Dataset items
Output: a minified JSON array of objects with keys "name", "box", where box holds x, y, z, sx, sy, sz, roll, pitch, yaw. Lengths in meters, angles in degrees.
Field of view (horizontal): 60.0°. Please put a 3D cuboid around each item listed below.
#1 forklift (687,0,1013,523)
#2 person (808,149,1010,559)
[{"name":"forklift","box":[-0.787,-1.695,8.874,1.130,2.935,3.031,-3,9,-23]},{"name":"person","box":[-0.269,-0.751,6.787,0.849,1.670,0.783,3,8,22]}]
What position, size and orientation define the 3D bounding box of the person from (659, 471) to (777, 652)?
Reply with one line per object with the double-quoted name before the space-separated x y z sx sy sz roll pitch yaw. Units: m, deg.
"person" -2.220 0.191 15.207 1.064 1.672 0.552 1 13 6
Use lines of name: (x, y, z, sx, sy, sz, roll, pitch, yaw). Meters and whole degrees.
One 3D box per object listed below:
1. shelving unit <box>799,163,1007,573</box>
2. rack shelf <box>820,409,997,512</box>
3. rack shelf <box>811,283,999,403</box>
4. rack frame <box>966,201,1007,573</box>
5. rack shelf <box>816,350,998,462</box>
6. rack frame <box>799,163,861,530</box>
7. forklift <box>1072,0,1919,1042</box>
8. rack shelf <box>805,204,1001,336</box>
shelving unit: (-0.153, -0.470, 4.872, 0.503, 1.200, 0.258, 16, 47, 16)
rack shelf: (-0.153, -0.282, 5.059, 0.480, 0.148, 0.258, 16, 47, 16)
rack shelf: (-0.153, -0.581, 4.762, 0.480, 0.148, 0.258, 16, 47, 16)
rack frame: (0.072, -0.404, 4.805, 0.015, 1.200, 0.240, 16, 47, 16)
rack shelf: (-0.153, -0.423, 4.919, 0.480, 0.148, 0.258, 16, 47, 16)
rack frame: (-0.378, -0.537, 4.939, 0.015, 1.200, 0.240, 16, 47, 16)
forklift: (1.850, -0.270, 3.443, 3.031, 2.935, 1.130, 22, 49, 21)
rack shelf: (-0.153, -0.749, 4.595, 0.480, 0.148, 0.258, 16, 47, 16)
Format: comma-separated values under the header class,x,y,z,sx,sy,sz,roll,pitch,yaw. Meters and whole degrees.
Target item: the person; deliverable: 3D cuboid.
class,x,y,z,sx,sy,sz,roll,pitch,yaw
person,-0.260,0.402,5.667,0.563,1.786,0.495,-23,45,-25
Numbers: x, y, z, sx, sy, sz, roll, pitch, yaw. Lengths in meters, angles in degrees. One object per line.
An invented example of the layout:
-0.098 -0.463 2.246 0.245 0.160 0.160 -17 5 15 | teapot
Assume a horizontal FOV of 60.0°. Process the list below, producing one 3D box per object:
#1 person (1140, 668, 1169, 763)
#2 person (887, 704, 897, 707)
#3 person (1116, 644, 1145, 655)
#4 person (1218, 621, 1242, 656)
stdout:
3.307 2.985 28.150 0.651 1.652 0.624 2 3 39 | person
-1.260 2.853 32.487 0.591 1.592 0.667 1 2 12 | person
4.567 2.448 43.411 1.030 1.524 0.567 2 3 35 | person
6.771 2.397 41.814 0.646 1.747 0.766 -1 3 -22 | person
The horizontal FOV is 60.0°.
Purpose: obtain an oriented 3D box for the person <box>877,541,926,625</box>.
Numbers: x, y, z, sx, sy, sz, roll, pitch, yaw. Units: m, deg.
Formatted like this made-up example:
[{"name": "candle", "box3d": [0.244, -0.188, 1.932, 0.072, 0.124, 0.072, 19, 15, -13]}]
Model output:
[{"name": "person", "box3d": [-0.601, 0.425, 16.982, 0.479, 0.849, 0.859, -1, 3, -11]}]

• Your task: Wherever the word "Lengths" appears in the data, return the whole line.

• Your response:
Output: a minified JSON array of objects with keys "name", "box", where box holds x, y, z, sx, sy, sz, roll, pitch, yaw. Lengths in meters, angles in degrees.
Numbers: x, y, z, sx, sy, sz, roll, pitch, yaw. Lengths in meters, angles in degrees. One object per line.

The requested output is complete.